Take the line containing "Format: a YAML" and every line after it to the end of the records, and copy them exactly, leaving out pictures.

____

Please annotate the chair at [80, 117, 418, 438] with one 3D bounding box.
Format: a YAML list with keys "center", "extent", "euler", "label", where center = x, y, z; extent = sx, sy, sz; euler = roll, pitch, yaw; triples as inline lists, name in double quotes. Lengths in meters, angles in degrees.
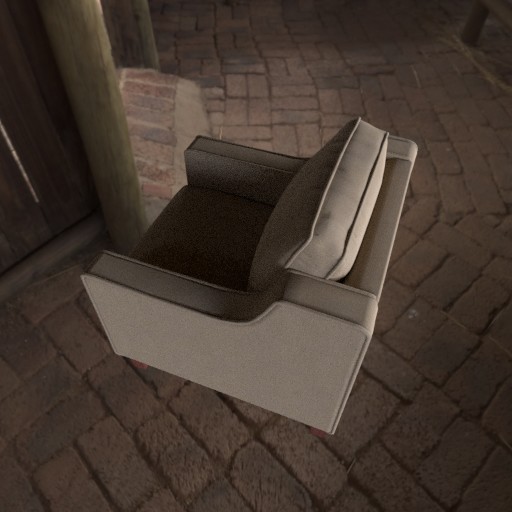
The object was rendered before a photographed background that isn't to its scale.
- center: [0.000, 0.000, 1.660]
  extent: [0.909, 0.960, 0.831]
  euler: [16, 50, 14]
  label: "chair"

____

■ **Output below**
Format: a YAML list with keys "center", "extent", "euler", "label", where center = x, y, z; extent = sx, sy, sz; euler = roll, pitch, yaw; triples as inline lists, name in double quotes. Lengths in meters, angles in degrees.
The object was rendered before a photographed background that isn't to its scale.
- center: [0.000, 0.000, 1.660]
  extent: [0.909, 0.960, 0.831]
  euler: [16, 50, 14]
  label: "chair"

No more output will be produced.